Data records Block Start

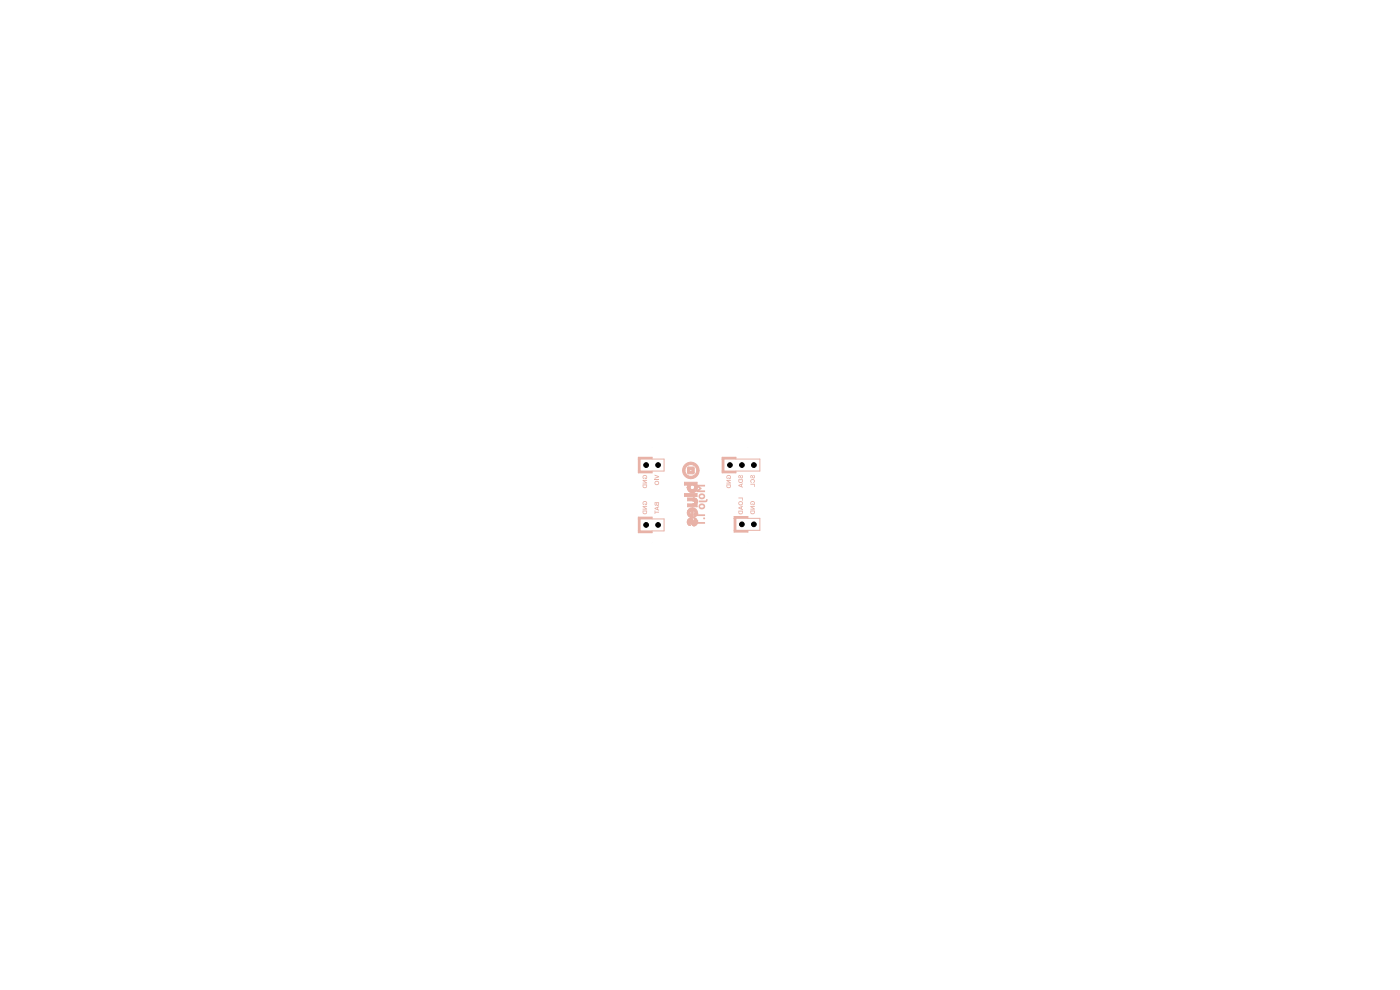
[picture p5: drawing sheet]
<svg xmlns="http://www.w3.org/2000/svg" width="297mm" height="210mm" viewBox="0 0 297 210" stroke-linecap="round" stroke-linejoin="round" font-family="sans-serif">
<g fill="#e8b2a7">
<path d="M145.2 104.7h2.7v.6h-2.7z"/>
<path d="M145.9 99.2h1.3v1.2h-1.3l-.1-.4h1v-.4h-.5v.4h-.5z"/>
<path d="M145.9 105.6h1.4l.4 .3 .2 .4v.4l-.2 .2h.2v.6h-2v-.6h1.2l.3-.3-.2-.4h-1.3z"/>
<path d="M145.2 102.3h2.7v.6h-.2l.2 .5-.1 .6-.7 .4-.9-.1-.3-.4-.1-.5h.6l.1 .4 .5 .1 .3-.3v-.5l-.5-.2-.3 .2-.1 .3h-.6l.2-.5h-.8z"/>
<path d="M146.1 108l.8-.3 .7 .3 .3 .7-.2 .8-.4 .3 .1-1.1-.3-.4v1.5h-.5l-.5-.3-.3-.7h.5l.4 .4v-.9l-.4 .5h-.5z"/>
<path d="M145.3 98.6l.6-.4 .7-.2 .6 .2 .6 .4 .4 .5 .1 .7-.1 .7-.4 .5-.6 .4-.6 .1-.7-.1-.6-.4-.4-.5-.1-.7h.5l.4 .9 .9 .3 .8-.3 .4-.9-.4-.9-.8-.4-.9 .4-.4 .9h-.5l.1-.7z"/>
<path d="M146 110.1l.4-.1h.3l.6 .9 .2-.2-.2-.2v-.6l.3 .1 .3 .5-.1 .7-.3 .3h-.5l-.6-1-.1 .2 .1 .2v.6l-.3-.1-.3-.6z"/>
</g>
<g fill="none" stroke="#e8b2a7" stroke-width=".21">
<path d="M145.9 99.2h1.3v1.2h-1.3zM146.3 99.6h.5v.4h-.5zM145.2 104.7h2.7v.6h-2.7zM145.8 103.5h.1M145.8 103.4v.1M145.8 103.4h.1M145.8 103.2v.1M145.9 103.2h-.1M145.9 103.1v.1M145.9 103v.1M146.3 110.7h.1M146.3 110.8h.1"/>
<path d="M146.3 110.6v.1M146.3 110.6h.1M146.3 108.8h.1M146.3 108.8l.1 .2M146.3 110.8v.1M146.3 108.6v.2M146.3 110.9h.1M146.3 108.6h.1M146.4 110.6h-.1M146.4 110.9h.1M146.4 110.6h.1M146.4 108.5l-.1 .1"/>
<path d="M146.4 110.5v.1M146.4 109v.1M146.4 110.5h.1M146.4 108.5h.1M146.4 109.1h.1M146.4 110.5l.1 .1M146.4 108.4v.1M146.5 109.1h.1M146.5 109.9l-.5 .2-.2 .6 .2 .5 .4 .3v-.6M146.5 109.9h.1M146.5 108.4h-.1M146.5 109.1v.1"/>
<path d="M146.5 109.9l.4 .3 .2 .5M146.5 108.4h.1M146.5 109.2h.1M146.5 110.6h.1M146.6 108.4h-.1M146.6 109.2h.1M146.6 108.3v.1M146.6 108.3h.1M146.7 108.3l-.1 .9M146.9 109.8h.1M147 109.8h-.1M147 109.8h.1"/>
<path d="M147 106.2h.1M147 106.9h-1.1v.6h2v-.6h-.2M147.1 109.8h-.1M147.1 106.2h.1M147.1 103.8h.1M147.1 106.9h-.1M147.1 106.2l.2 .1M147.1 110.7h.1M147.1 110.8h.1M147.2 110.8h.1M147.2 106.9h-.1M147.2 110.9h.1"/>
<path d="M147.2 106.9h.1M147.3 105.6h-1.4v.6h1.1M147.3 105.6h.1M147.3 110.9h.1M147.3 106.8l-.1 .1M147.3 110.5h.1M147.3 105.6l.3 .1M147.3 106.8h.1M147.3 106.3v.1M147.3 106.4h.1M147.3 103.2l-.5-.3-.4 .3 .1 .5 .6 .1M147.3 103.2h.1"/>
<path d="M147.3 103.2l.1 .3-.3 .3M147.4 110.5h.1M147.4 106.4h.1M147.4 109.9h-.1v.6M147.4 109.9h.1M147.4 106.5h.1M147.4 110.5v.1M147.4 106.5v.1M147.4 106.6l-.1 .2M147.4 109l-.1 .1v.7a1.05 1.05 0 0 0 .3-1.8 1.05 1.05 0 0 0-1.7 .4 1.05 1.05 0 0 0 1 1.4M147.4 110.6h.1M147.4 110.9h-.1"/>
<path d="M147.4 109h.1M147.4 110.9h.1M147.4 109.9l.3 .2 .2 .5v.4l-.3 .4-.6 .1-.4-.9M147.4 108.9v.1M147.4 108.9h.1M147.4 108.9l-.1-.4-.2-.2v1.5M147.5 110.6v.1M147.5 110.7h.1M147.5 110.7l-.1 .2M147.6 105.7v.1M147.6 105.8l.2 .2M147.7 102.9h.1"/>
<path d="M147.7 102.9h.2v-.6h-2.7v.6h.8l-.1 .1M147.7 106.9h.1M147.7 102.9l.1 .1M147.8 106.9h-.1M147.8 103h.1M147.8 106.8v.1M147.8 106.8h.1M147.8 103l.1 .3a1.06 1.06 0 0 1-.9 1.2 1.06 1.06 0 0 1-1.2-1M147.8 106h.1M147.8 106l.1 .2M147.9 106.2h.1M147.9 106.2v.1"/>
<path d="M147.9 106.6l-.1 .2M147.9 106.5v.1M147.9 106.3h.1M147.9 106.5h.1M147.9 106.4h.1M147.9 106.4v.1"/>
<circle cx="146.6" cy="99.8" r="1.75"/>
<circle cx="146.6" cy="99.8" r="1.24"/>
</g>
<g fill="#e8b2a7">
<path d="M136.4 100.9a.52 .52 0 0 1 .8 0 .52 .52 0 0 1-.1 .7h-.3v-.4h.1v.2a.27 .27 0 0 0 .1-.4 .27 .27 0 0 0-.4 0 .27 .27 0 0 0 0 .4v.2l-.3-.2z"/>
<path d="M136.3 101.8h1v.2h-.7l.7 .4v.2h-1v-.2h.7l-.7-.4z"/>
<path d="M136.3 102.8h1v.3a.48 .48 0 0 1-.5 .5 .48 .48 0 0 1-.5-.6h.2a.32 .32 0 0 0 .3 .4 .32 .32 0 0 0 .3-.4h-.8z"/>
<path d="M136.4 106.4a.52 .52 0 0 1 .8 0 .52 .52 0 0 1-.1 .8h-.3v-.4h.1v.2a.27 .27 0 0 0 .1-.4 .27 .27 0 0 0-.4 0 .27 .27 0 0 0 0 .4v.2l-.3-.3z"/>
<path d="M136.3 107.3h1v.2h-.7l.7 .4v.2h-1v-.2h.7l-.7-.4z"/>
<path d="M136.3 108.3h1v.4a.48 .48 0 0 1-.5 .4 .48 .48 0 0 1-.5-.5h.2a.32 .32 0 0 0 .3 .3 .32 .32 0 0 0 .3-.4l-.8 .1z"/>
<path d="M138.9 100.7l.9 .3v.2l-.9 .4v-.2l.7-.3-.7-.2z"/>
<path d="M138.9 101.7h.9v.1h-.9z"/>
<path d="M139 102.1a.49 .49 0 0 1 .8 .1 .49 .49 0 0 1-.3 .7 .49 .49 0 0 1-.7-.4h.2a.33 .33 0 0 0 .5 .2 .33 .33 0 0 0 0-.5 .33 .33 0 0 0-.5 .2l-.2 .1z"/>
<path d="M138.9 106.5h.9v.5a.26 .26 0 0 1-.2 .3 .26 .26 0 0 1-.3-.2 .23 .23 0 0 1-.4 .1 .23 .23 0 0 1 .1-.4l.1 .3 .1-.2h.2l.1 .2h.1l.1-.4h-.3v.2h-.2v-.2l-.3 .1z"/>
<path d="M138.9 107.8l.9-.4v.2l-.2 .1v.4h.2v.2l-.9-.3 .2-.1 .3 .1v-.3l-.3 .2z"/>
<path d="M138.9 108.3h.1v.3h.8v.1h-.8v.3h-.1z"/>
<path d="M154.2 100.9a.52 .52 0 0 1 .8 0 .52 .52 0 0 1-.1 .7h-.4v-.4h.2v.2a.27 .27 0 0 0 .1-.4 .27 .27 0 0 0-.4 0 .27 .27 0 0 0 0 .4v.2l-.3-.2z"/>
<path d="M154.1 101.8h1v.2h-.7l.7 .4v.2h-1v-.2h.6l-.6-.4z"/>
<path d="M154.1 102.8h1v.3a.48 .48 0 0 1-.6 .5 .48 .48 0 0 1-.4-.6h.2a.32 .32 0 0 0 .3 .4 .32 .32 0 0 0 .3-.4h-.8z"/>
<path d="M156.7 100.8h.3l.2 .4a.18 .18 0 0 0 .3-.1 .18 .18 0 0 0-.2-.2v-.2a.38 .38 0 0 1 .4 .5 .38 .38 0 0 1-.5 .3 .38 .38 0 0 1-.3-.5l-.1 .1 .1 .4-.2-.2z"/>
<path d="M156.6 101.7h1v.3a.48 .48 0 0 1-.5 .5 .48 .48 0 0 1-.5-.6h.2a.32 .32 0 0 0 .4 .4 .32 .32 0 0 0 .2-.4h-.8z"/>
<path d="M156.6 102.9l1-.4v.2l-.2 .1v.4l.2 .1v.2l-1-.4 .3-.1 .3 .1v-.2l-.3 .1z"/>
<path d="M156.7 105.5h.9v.7h-.2v-.5h-.7z"/>
<path d="M156.8 106.4a.49 .49 0 0 1 .7 .1 .49 .49 0 0 1-.2 .7 .49 .49 0 0 1-.7-.4h.2a.33 .33 0 0 0 .5 .3 .33 .33 0 0 0 0-.6 .33 .33 0 0 0-.5 .2l-.2 .1z"/>
<path d="M156.6 107.6l1-.3v.2l-.2 .1v.3l.2 .1v.2l-1-.4 .3-.1 .3 .2v-.3l-.3 .1z"/>
<path d="M156.6 108.3h1v.4a.48 .48 0 0 1-.5 .4 .48 .48 0 0 1-.5-.5h.2a.32 .32 0 0 0 .4 .3 .32 .32 0 0 0 .2-.4l-.8 .1z"/>
<path d="M159.3 100.8h.3l.2 .4a.18 .18 0 0 0 .2-.1 .18 .18 0 0 0-.2-.2v-.2a.38 .38 0 0 1 .4 .5 .38 .38 0 0 1-.5 .3 .38 .38 0 0 1-.2-.5l-.2 .1 .2 .4-.3-.2z"/>
<path d="M159.3 101.8a.46 .46 0 0 1 .7-.1 .46 .46 0 0 1-.2 .8v-.2a.24 .24 0 0 0 0-.4 .24 .24 0 0 0-.3 0 .24 .24 0 0 0 0 .4l-.1 .2-.2-.3z"/>
<path d="M159.2 102.6h.9v.7h-.1v-.5h-.8z"/>
<path d="M159.3 106.4a.52 .52 0 0 1 .7 0 .52 .52 0 0 1 0 .8h-.4v-.4h.2v.2a.27 .27 0 0 0 0-.4 .27 .27 0 0 0-.4 0 .27 .27 0 0 0 .1 .4l-.1 .2-.2-.3z"/>
<path d="M159.2 107.3h.9v.2h-.6l.6 .4v.2h-.9v-.2h.6l-.6-.4z"/>
<path d="M159.2 108.3h.9v.4a.48 .48 0 0 1-.5 .4 .48 .48 0 0 1-.4-.5h.1a.32 .32 0 0 0 .4 .3 .32 .32 0 0 0 .3-.4l-.8 .1z"/>
<path d="M147.7 102.8h1.9l-.1 .4h-1.1l.4 .3v.2l-.4 .3h1.1l.1 .4h-1.9v-.4l.7-.4-.7-.4z"/>
<path d="M148.4 104.8a.7 .7 0 0 1 1.1 .2 .7 .7 0 0 1-.4 1 .7 .7 0 0 1-.9-.7h.3a.33 .33 0 0 0 .5 .3 .33 .33 0 0 0 .1-.5l-.9 .2z"/>
<path d="M148.2 106.2h1.5l.1-.3h.3a.49 .49 0 0 1-.5 .6h-1.3z"/>
<path d="M148.4 107a.7 .7 0 0 1 1.1 .1 .7 .7 0 0 1-.4 1 .7 .7 0 0 1-.9-.7h.3a.33 .33 0 0 0 .5 .3 .33 .33 0 0 0 .1-.5l-.9 .2z"/>
<path d="M147.9 108.8h.3l-.1 .3h1.4l.1 .3-1.8 .1z"/>
<path d="M147.9 110.4h.3l-.1 .3h1.4l.1 .4h-1.8z"/>
<circle cx="147.9" cy="106.4" r=".21"/>
<circle cx="149.4" cy="110" r=".21"/>
</g>
<g fill="none" stroke="#e8b2a7" stroke-width=".21">
<path d="M135.4 97.4h.1M135.4 97.4h5.5v2.5h-5.5M135.8 99.9h.1M135.8 97.4v2.5M138.3 97.4v-.4h-2.9v3.3h2.9v-.4M153.2 97.4h8v2.5h-8M153.2 97.4h.1M153.6 99.9h.1M153.6 97.4v2.5M156.1 97.4v-.4h-2.9v3.3h2.9v-.4M135.4 110.1h5.5v2.5h-5.5M135.4 110.1h.1"/>
<path d="M135.8 110.1v2.5M135.8 112.6h.1M138.3 110.1v-.4h-2.9v3.3h2.9v-.4M155.7 110h.1M155.7 110h5.5v2.5h-5.5M156.1 112.5h.1M156.1 110v2.5M158.7 110v-.4h-3v3.3h3v-.4"/>
</g>
<path d="M135.4 97.2h2.9M135.6 97.4v2.5M153.2 97.2h2.9M153.4 97.4v2.5M135.4 100.1h2.9M135.4 112.8h2.9M135.4 109.9h2.9M135.6 110.1v2.5M153.2 100.1h2.9M155.7 109.8h3M155.7 112.7h3M155.9 110v2.5" fill="none" stroke="#e8b2a7" stroke-width=".38"/>
<g fill="#000" stroke="#000" stroke-width=".21">
<circle cx="137.1" cy="98.7" r=".5"/>
<circle cx="138.3" cy="94.8" r="0"/>
<circle cx="139.6" cy="98.7" r=".5"/>
<circle cx="154.9" cy="98.7" r=".5"/>
<circle cx="157.4" cy="98.7" r=".5"/>
<circle cx="158.7" cy="94.8" r="0"/>
<circle cx="159.9" cy="98.7" r=".5"/>
<circle cx="137.1" cy="111.4" r=".5"/>
<circle cx="138.3" cy="115.2" r="0"/>
<circle cx="139.6" cy="111.4" r=".5"/>
<circle cx="157.4" cy="111.2" r=".5"/>
<circle cx="158.7" cy="115.2" r="0"/>
<circle cx="159.9" cy="111.2" r=".5"/>
</g>
</svg>

Data records Block End

[What the exercise asks]:
Return, with no change at all, every line in the entries above from the line containing "0 0 .2-.4l-.8" through the line containing "106.2h1.5l.1-.3h.3a.49 .49 0".

[Solution]:
<path d="M156.6 108.3h1v.4a.48 .48 0 0 1-.5 .4 .48 .48 0 0 1-.5-.5h.2a.32 .32 0 0 0 .4 .3 .32 .32 0 0 0 .2-.4l-.8 .1z"/>
<path d="M159.3 100.8h.3l.2 .4a.18 .18 0 0 0 .2-.1 .18 .18 0 0 0-.2-.2v-.2a.38 .38 0 0 1 .4 .5 .38 .38 0 0 1-.5 .3 .38 .38 0 0 1-.2-.5l-.2 .1 .2 .4-.3-.2z"/>
<path d="M159.3 101.8a.46 .46 0 0 1 .7-.1 .46 .46 0 0 1-.2 .8v-.2a.24 .24 0 0 0 0-.4 .24 .24 0 0 0-.3 0 .24 .24 0 0 0 0 .4l-.1 .2-.2-.3z"/>
<path d="M159.2 102.6h.9v.7h-.1v-.5h-.8z"/>
<path d="M159.3 106.4a.52 .52 0 0 1 .7 0 .52 .52 0 0 1 0 .8h-.4v-.4h.2v.2a.27 .27 0 0 0 0-.4 .27 .27 0 0 0-.4 0 .27 .27 0 0 0 .1 .4l-.1 .2-.2-.3z"/>
<path d="M159.2 107.3h.9v.2h-.6l.6 .4v.2h-.9v-.2h.6l-.6-.4z"/>
<path d="M159.2 108.3h.9v.4a.48 .48 0 0 1-.5 .4 .48 .48 0 0 1-.4-.5h.1a.32 .32 0 0 0 .4 .3 .32 .32 0 0 0 .3-.4l-.8 .1z"/>
<path d="M147.7 102.8h1.9l-.1 .4h-1.1l.4 .3v.2l-.4 .3h1.1l.1 .4h-1.9v-.4l.7-.4-.7-.4z"/>
<path d="M148.4 104.8a.7 .7 0 0 1 1.1 .2 .7 .7 0 0 1-.4 1 .7 .7 0 0 1-.9-.7h.3a.33 .33 0 0 0 .5 .3 .33 .33 0 0 0 .1-.5l-.9 .2z"/>
<path d="M148.2 106.2h1.5l.1-.3h.3a.49 .49 0 0 1-.5 .6h-1.3z"/>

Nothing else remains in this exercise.